◆ **WHAT IS BEING ASKED**: Return, word for word, only the lines of the data below that lie between the line with "Offer a terse response. -0.5." and the line with "Give a very brief answer. -1.", those two lines included.

Dataset items:
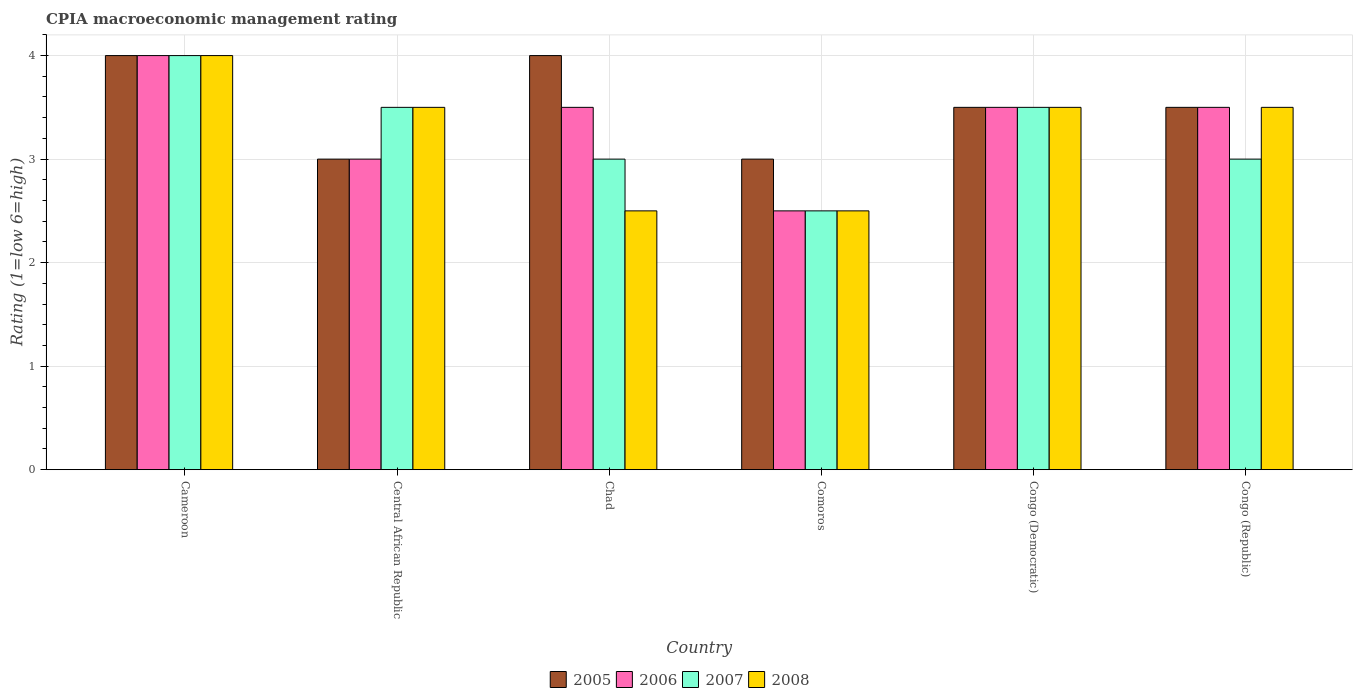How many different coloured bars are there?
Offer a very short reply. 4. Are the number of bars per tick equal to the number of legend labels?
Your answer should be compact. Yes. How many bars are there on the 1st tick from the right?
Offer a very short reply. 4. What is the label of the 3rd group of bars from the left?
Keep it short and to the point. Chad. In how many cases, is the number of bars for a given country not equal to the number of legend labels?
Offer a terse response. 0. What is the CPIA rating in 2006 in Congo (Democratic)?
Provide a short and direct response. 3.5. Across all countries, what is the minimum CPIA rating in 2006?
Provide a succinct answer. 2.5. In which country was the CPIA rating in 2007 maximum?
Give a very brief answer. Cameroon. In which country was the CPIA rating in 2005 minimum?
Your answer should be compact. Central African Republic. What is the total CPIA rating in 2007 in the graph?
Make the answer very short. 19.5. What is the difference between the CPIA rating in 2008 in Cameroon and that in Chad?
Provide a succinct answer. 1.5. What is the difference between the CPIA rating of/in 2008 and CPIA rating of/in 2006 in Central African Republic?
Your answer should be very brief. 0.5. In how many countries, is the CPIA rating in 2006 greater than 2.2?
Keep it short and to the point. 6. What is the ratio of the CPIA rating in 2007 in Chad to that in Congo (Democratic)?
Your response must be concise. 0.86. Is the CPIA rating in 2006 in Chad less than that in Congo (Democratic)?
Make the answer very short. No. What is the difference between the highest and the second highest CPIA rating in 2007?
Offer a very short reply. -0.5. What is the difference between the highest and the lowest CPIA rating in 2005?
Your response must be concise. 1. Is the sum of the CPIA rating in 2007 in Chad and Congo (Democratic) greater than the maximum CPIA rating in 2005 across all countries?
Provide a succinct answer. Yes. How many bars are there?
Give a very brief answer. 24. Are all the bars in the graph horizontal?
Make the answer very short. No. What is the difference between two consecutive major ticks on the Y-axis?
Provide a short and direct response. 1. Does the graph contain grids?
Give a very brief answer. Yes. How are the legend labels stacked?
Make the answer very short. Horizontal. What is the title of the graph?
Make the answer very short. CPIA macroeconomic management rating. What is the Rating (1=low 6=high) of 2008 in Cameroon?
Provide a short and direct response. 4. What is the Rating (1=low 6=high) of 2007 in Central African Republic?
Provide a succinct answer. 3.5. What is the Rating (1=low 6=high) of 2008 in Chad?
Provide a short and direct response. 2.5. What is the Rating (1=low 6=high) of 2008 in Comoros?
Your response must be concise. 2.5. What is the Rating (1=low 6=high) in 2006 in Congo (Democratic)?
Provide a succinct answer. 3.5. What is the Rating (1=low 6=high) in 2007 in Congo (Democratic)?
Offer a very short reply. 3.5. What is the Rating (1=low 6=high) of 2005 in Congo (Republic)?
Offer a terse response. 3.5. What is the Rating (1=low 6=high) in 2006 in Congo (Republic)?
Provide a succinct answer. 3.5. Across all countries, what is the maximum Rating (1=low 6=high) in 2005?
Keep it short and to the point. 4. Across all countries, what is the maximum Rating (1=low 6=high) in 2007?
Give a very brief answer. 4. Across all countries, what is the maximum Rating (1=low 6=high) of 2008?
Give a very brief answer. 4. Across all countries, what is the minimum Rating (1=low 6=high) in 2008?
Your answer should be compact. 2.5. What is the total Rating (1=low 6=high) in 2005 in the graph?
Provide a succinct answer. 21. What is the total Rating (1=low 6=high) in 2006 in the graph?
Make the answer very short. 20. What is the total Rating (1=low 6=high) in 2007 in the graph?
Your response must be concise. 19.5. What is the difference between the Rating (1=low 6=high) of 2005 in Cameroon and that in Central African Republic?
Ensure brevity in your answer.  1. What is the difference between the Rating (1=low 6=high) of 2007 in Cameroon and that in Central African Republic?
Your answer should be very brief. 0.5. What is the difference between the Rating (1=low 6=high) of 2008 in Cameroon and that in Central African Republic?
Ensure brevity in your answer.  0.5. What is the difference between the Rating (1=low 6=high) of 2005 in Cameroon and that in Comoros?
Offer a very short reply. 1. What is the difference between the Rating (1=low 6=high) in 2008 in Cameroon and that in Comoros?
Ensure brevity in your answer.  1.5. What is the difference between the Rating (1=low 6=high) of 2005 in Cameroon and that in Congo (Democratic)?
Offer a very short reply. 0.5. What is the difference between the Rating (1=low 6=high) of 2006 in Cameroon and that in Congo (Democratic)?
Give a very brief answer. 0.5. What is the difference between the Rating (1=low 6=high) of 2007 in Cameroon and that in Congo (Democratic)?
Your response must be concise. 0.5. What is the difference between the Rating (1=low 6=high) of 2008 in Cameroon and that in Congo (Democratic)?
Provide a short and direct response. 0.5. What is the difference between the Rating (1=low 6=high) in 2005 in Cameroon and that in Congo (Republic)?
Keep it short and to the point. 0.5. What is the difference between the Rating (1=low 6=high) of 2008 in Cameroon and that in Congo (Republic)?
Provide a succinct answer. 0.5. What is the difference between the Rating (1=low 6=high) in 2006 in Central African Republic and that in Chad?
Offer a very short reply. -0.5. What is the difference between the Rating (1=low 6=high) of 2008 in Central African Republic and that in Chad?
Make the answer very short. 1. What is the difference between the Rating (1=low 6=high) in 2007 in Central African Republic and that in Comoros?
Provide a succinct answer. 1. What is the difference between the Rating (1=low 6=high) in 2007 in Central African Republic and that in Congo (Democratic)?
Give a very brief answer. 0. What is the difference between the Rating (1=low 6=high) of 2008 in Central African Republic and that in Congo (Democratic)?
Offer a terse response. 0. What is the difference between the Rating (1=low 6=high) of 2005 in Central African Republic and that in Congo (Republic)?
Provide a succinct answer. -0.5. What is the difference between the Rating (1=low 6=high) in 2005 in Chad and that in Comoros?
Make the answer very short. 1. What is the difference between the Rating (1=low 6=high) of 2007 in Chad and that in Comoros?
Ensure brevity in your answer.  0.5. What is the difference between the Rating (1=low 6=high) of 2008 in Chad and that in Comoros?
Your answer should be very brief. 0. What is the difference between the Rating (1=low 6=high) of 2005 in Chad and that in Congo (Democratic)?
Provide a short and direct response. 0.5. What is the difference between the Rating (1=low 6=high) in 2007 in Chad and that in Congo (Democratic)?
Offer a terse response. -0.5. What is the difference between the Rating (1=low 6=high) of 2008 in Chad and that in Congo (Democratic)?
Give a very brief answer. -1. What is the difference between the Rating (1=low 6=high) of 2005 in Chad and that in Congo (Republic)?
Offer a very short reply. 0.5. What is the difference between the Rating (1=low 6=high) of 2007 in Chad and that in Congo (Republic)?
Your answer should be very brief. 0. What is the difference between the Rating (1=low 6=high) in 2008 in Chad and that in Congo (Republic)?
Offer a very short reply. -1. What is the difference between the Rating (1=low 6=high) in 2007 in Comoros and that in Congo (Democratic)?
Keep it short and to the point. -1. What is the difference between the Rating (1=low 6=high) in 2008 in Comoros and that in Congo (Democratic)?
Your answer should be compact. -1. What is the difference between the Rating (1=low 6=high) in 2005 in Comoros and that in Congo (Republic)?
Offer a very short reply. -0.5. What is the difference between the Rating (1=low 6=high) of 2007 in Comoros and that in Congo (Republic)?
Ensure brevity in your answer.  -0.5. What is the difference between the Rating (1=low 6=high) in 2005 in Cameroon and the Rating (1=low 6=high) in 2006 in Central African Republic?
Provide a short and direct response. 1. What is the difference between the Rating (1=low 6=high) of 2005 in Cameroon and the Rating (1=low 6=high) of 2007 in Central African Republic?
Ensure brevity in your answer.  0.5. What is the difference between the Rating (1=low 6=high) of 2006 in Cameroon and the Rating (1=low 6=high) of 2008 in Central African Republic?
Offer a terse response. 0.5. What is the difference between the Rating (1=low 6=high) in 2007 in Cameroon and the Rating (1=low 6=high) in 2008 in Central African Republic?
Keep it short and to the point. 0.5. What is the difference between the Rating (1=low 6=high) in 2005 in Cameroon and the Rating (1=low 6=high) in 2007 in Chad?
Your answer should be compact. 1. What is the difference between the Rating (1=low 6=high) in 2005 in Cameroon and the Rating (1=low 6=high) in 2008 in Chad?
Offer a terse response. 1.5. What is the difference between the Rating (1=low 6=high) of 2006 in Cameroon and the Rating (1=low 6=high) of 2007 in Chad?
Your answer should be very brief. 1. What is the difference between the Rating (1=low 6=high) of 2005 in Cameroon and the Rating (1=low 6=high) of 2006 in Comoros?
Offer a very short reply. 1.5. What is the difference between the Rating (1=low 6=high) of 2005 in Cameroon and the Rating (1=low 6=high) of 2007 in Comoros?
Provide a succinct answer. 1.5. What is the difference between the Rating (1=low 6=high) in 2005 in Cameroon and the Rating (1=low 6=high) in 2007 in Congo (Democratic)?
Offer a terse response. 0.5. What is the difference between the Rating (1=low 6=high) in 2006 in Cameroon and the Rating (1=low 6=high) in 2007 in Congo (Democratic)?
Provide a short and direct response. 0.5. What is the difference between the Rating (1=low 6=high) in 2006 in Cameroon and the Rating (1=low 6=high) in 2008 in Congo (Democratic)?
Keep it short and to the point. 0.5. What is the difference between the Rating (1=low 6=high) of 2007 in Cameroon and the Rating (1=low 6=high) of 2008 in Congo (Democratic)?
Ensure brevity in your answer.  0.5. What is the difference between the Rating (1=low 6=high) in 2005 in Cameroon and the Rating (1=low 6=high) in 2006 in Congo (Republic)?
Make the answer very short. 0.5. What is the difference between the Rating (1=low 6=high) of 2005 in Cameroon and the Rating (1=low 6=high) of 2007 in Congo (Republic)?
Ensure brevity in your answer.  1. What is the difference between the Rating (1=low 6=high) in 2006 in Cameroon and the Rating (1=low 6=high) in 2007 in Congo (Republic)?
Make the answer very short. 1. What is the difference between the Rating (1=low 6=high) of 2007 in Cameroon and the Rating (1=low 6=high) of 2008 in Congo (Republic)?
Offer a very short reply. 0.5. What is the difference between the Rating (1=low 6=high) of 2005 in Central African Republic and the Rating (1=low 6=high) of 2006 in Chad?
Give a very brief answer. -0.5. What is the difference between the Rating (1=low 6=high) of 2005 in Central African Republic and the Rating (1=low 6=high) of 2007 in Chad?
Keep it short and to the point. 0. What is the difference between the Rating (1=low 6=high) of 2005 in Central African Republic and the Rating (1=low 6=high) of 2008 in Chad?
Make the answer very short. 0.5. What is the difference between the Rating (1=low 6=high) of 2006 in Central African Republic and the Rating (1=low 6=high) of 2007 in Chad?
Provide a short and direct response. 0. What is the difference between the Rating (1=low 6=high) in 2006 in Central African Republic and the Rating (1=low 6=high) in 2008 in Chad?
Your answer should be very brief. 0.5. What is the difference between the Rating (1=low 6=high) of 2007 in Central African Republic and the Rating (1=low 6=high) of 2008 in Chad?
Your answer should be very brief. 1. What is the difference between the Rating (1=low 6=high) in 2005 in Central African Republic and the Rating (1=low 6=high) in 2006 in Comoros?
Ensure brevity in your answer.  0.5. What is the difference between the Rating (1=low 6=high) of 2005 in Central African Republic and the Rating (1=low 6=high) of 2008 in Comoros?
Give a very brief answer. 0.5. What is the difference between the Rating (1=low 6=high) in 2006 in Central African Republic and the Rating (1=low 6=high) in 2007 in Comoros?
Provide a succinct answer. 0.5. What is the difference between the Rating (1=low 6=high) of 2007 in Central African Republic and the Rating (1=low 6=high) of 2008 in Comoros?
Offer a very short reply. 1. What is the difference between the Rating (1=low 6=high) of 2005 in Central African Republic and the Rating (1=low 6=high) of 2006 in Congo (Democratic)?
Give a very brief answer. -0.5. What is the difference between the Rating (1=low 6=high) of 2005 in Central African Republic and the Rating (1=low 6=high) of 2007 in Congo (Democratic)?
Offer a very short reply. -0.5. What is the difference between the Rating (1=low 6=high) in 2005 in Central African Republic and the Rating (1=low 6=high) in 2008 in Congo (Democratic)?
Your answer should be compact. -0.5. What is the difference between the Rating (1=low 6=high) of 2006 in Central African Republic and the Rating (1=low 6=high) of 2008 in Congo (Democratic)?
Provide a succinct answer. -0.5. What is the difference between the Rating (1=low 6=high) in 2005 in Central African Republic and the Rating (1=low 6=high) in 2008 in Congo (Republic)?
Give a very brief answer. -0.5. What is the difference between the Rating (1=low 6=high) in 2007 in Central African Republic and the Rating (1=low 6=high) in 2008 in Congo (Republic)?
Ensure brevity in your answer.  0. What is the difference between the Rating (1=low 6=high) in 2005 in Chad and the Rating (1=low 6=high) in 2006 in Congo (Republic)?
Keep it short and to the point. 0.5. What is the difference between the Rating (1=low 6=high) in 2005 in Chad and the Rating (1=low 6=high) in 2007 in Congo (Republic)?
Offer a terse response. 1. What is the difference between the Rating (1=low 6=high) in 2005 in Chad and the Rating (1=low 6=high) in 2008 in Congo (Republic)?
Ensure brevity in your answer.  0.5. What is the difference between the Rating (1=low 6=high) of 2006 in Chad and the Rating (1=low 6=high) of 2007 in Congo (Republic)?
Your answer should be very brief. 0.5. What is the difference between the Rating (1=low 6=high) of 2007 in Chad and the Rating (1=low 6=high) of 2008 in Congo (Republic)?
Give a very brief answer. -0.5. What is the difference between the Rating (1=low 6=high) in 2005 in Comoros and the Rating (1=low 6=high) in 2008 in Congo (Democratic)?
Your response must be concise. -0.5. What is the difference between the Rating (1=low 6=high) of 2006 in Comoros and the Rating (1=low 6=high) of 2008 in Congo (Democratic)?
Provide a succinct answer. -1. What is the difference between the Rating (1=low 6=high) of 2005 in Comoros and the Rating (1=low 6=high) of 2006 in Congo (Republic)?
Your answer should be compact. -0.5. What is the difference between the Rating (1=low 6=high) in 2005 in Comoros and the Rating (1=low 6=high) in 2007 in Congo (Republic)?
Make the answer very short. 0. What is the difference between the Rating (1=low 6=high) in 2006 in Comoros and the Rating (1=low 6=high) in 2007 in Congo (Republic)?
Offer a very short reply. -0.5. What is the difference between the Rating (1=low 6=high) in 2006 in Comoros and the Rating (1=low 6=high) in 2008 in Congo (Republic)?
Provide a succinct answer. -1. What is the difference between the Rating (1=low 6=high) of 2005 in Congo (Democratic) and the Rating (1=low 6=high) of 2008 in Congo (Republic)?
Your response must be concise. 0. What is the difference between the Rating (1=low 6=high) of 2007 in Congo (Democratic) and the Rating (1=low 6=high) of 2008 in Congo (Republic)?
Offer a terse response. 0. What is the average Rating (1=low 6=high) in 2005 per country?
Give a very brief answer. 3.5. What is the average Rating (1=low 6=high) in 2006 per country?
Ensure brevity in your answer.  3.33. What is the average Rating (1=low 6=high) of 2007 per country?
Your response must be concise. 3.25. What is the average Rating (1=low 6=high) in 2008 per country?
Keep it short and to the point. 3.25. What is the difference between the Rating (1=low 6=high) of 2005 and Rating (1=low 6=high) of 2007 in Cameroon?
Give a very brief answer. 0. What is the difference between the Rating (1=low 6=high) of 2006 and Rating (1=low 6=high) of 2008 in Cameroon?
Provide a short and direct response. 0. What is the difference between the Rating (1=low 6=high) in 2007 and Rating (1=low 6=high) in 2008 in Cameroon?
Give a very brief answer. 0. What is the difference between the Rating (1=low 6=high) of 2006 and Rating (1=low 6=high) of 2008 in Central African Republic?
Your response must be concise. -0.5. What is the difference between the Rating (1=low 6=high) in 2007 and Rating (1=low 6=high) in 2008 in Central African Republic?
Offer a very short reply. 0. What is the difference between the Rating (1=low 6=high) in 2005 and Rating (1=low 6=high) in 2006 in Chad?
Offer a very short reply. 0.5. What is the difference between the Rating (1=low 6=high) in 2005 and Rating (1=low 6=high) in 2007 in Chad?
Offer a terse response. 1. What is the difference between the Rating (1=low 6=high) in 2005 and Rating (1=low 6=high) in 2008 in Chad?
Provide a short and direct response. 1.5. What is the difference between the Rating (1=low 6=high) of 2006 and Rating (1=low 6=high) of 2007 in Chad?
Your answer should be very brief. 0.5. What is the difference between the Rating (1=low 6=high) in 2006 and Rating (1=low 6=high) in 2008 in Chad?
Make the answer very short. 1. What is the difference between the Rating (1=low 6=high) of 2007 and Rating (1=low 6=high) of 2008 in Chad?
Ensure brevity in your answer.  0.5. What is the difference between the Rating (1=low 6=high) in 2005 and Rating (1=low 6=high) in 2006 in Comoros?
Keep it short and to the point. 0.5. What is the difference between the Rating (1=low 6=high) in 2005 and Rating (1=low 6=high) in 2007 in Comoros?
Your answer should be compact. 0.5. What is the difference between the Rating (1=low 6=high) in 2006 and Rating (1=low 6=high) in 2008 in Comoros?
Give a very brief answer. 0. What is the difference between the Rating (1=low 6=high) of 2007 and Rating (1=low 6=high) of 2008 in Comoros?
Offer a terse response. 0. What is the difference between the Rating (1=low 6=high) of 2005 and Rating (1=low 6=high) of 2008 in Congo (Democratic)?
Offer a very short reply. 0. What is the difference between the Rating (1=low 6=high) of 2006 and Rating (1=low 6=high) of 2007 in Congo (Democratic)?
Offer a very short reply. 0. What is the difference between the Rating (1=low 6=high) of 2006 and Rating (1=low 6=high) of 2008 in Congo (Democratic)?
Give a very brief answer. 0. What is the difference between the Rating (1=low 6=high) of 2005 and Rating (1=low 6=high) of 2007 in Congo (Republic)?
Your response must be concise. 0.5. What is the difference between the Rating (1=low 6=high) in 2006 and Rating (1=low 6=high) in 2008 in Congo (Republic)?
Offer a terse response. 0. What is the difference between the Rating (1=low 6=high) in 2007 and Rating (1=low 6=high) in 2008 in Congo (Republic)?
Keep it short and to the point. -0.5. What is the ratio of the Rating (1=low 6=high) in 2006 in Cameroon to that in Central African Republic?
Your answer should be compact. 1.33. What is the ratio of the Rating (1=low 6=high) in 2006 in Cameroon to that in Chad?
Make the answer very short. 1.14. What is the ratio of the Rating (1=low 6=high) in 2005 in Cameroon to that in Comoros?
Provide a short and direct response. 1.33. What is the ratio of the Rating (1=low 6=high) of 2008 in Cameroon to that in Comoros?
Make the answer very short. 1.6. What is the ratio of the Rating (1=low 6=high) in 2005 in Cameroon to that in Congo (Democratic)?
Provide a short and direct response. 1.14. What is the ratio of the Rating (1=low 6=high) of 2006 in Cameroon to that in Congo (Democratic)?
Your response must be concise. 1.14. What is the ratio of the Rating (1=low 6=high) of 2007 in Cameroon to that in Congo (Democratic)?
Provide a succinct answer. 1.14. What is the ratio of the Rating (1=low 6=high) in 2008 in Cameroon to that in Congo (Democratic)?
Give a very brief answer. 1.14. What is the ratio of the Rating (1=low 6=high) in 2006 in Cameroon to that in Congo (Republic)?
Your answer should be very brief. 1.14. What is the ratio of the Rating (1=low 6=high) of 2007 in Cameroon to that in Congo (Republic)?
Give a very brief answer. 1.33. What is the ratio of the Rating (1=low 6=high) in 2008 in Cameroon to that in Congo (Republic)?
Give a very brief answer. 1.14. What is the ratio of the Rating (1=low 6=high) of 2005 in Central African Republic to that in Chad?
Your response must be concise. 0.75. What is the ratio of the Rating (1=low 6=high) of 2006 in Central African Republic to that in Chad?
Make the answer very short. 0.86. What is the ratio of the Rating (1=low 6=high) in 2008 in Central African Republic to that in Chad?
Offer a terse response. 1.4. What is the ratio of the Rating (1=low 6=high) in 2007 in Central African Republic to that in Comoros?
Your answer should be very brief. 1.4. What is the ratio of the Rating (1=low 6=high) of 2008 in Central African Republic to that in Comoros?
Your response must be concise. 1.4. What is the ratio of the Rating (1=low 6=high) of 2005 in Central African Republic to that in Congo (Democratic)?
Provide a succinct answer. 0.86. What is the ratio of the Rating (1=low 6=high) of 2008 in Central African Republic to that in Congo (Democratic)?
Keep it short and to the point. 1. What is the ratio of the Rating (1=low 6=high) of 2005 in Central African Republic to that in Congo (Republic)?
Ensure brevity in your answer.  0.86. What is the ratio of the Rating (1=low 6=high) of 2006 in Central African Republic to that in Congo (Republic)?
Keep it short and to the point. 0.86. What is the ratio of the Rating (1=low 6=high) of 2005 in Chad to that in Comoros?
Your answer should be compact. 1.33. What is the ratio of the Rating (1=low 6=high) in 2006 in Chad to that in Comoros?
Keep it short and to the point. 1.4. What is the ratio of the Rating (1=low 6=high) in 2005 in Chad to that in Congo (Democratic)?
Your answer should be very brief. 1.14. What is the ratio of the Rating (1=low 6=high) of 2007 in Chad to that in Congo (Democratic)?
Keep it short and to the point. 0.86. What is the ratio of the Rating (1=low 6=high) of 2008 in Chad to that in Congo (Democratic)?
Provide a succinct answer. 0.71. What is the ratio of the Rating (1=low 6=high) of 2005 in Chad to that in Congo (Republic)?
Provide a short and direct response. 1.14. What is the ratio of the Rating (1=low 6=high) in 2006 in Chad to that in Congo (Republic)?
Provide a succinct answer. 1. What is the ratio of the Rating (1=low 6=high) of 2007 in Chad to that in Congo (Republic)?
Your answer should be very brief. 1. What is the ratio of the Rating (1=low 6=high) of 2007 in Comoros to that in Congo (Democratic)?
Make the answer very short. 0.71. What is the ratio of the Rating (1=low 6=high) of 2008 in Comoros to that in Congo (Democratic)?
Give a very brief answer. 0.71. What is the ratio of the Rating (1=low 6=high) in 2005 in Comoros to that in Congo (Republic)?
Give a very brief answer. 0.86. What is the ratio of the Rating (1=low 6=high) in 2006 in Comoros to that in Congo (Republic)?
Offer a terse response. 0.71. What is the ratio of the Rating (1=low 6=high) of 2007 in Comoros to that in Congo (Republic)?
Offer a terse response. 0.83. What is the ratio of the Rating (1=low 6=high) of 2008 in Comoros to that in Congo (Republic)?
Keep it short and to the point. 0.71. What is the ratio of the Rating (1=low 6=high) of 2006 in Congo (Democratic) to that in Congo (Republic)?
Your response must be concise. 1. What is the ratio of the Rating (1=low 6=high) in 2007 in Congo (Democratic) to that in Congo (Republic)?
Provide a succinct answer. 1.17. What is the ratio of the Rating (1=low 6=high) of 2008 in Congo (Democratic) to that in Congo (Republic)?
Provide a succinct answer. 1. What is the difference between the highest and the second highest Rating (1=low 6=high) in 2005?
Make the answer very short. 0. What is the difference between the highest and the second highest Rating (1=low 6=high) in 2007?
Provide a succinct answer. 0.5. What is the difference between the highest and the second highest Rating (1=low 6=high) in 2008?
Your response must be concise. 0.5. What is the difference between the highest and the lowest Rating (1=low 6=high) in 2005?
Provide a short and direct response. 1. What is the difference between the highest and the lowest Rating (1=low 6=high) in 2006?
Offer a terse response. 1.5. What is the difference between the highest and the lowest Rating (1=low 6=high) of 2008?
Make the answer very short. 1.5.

◆ **OUTPUT**:
Offer a terse response. -0.5. What is the difference between the Rating (1=low 6=high) of 2008 in Chad and that in Congo (Democratic)?
Give a very brief answer. -1. What is the difference between the Rating (1=low 6=high) of 2005 in Chad and that in Congo (Republic)?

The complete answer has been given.